We lost a linebreak after 6550 good lines.
We lost a linebreak after 1591 good lines.
We lost a linebreak after 55 good lines.
We lost a linebreak after 2428 good lines.
We lost a linebreak after 1475 good lines.
We lost a linebreak after 3866 good lines.
We lost a linebreak after 3000 good lines.

回答1:

This turns out to be a known issue:

The bug is in fact in the lower-level _read function, which the stdio library functions (including both fread and fgets) use to read from a file descriptor.

The bug in _read is as follows: If…

  1. you are reading from a text mode pipe,
  2. you call _read to read N bytes,
  3. _read successfully reads N bytes, and
  4. the last byte read is a carriage return (CR) character,

then the _read function will complete the read successfully but will return N-1 instead of N. The CR or LF character at the end of the result buffer is not counted in the return value.

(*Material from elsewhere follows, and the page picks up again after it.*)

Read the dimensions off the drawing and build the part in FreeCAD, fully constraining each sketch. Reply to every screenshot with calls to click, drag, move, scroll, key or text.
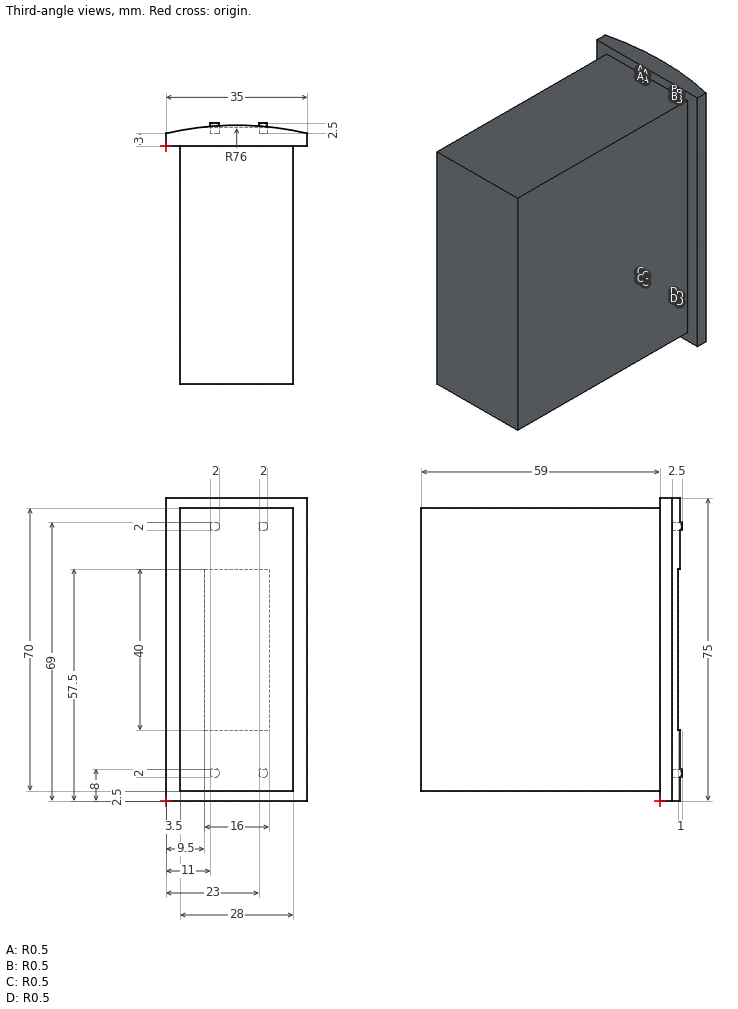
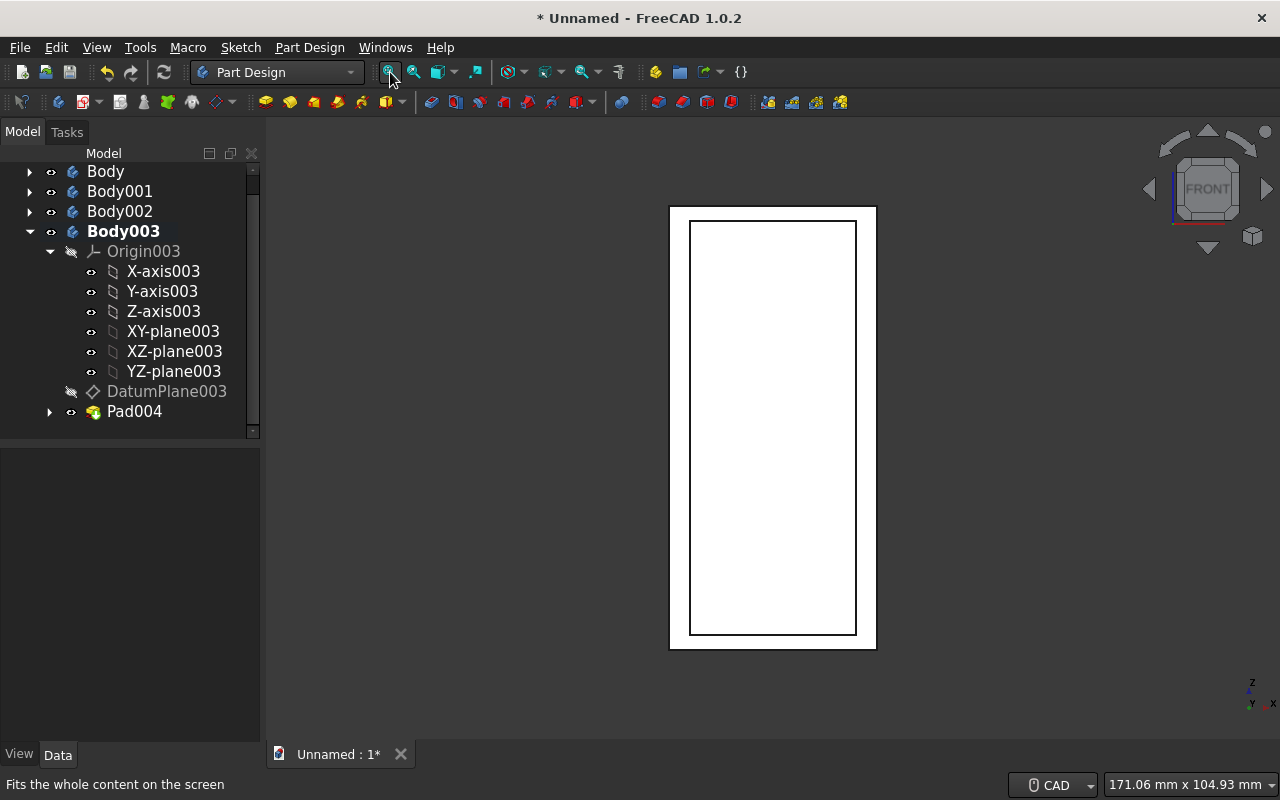
scroll(734, 602, up, 5)

In the specific issue reported in this bug, fread calls _read to fill the stream buffer. _read reports that it filled N-1 bytes of the buffer and the final CR or LF character is lost.

The bug is fundamentally timing-sensitive because whether _read can successfully read N bytes from the pipe depends on how much data has been written to the pipe. Changing the buffer size or changing when the buffer is flushed may reduce the likelihood of the problem, but it won’t necessarily work around the problem in 100% of cases.

There are several possible workarounds:

  1. use a binary pipe and do text mode CRLF => LF translation manually on the reader side. This is not particularly difficult to do (scan the buffer for CRLF pairs; replace them with a single LF).
  2. call ReadFile with _osfhnd(fh), bypassing the CRT’s I/O library on the reader side entirely (though this would also require manual text mode translation, since the OS won’t do text mode translation for you)

We have fixed this bug for the next update to the Universal CRT. Note that the Universal CRT is an operating system component and is serviced independently from the Visual C++ libraries. The next update to the Universal CRT will probably be around the same timeframe as the Windows 10 Anniversary Update this summer.